Data excerpts
►

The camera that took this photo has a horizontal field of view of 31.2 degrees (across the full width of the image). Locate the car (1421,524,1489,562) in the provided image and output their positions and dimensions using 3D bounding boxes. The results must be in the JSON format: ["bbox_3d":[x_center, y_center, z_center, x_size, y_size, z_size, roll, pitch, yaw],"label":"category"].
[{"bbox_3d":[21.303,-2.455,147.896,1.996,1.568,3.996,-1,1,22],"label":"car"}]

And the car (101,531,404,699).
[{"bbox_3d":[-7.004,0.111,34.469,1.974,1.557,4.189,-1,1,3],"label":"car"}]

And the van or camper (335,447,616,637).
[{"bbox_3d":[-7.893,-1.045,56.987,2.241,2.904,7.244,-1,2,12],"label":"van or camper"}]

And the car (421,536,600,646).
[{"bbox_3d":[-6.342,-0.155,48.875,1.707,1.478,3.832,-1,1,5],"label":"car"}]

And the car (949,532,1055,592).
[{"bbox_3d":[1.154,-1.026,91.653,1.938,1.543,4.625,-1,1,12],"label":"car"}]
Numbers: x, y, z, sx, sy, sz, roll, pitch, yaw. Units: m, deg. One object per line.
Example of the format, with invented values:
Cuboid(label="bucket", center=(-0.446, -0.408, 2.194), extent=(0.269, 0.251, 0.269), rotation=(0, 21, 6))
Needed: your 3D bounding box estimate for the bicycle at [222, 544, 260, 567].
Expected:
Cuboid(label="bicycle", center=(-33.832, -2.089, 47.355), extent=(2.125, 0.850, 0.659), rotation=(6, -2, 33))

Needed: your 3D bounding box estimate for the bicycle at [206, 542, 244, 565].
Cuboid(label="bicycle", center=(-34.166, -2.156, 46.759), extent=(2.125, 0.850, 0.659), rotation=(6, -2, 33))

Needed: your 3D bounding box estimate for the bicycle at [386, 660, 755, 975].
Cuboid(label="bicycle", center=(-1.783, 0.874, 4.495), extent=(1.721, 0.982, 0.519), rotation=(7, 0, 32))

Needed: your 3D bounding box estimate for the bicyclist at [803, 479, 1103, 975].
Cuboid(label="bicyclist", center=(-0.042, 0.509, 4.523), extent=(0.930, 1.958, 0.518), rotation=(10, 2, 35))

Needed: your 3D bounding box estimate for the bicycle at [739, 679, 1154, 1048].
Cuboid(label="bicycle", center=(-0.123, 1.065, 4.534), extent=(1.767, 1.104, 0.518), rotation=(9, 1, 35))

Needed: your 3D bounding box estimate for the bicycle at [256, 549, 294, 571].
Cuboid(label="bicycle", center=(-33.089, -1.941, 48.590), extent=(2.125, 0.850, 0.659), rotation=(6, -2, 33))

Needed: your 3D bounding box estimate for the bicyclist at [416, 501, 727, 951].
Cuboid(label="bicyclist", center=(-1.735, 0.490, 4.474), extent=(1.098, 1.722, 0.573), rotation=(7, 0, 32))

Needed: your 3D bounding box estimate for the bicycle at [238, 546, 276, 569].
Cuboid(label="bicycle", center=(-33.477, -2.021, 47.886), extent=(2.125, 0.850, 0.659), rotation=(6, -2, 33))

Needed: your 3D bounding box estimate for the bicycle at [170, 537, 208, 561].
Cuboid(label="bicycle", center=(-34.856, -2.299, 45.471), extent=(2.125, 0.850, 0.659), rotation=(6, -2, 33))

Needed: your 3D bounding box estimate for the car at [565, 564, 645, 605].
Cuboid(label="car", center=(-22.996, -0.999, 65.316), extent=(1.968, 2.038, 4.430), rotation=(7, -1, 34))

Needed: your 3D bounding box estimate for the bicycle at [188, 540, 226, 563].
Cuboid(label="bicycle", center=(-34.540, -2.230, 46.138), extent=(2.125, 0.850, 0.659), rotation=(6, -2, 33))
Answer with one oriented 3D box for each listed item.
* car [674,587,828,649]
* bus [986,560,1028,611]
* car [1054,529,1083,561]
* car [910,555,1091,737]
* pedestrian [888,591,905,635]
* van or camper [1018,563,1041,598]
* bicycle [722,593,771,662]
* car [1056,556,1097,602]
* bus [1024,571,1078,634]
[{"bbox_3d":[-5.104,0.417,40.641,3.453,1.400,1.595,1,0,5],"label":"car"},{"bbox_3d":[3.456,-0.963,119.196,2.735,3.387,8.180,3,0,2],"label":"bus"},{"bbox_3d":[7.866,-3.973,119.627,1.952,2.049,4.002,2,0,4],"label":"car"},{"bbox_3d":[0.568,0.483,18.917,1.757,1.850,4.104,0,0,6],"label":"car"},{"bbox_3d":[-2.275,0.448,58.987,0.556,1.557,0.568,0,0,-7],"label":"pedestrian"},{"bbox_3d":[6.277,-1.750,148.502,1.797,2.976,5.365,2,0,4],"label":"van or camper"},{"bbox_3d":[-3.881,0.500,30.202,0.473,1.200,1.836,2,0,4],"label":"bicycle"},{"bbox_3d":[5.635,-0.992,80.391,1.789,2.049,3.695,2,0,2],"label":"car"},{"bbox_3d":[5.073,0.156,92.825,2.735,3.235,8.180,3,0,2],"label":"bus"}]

◄

▶ Task: I need the number of lines in the entries that include "with"; please give that number and nothing else.

▶ Exercise answer: 2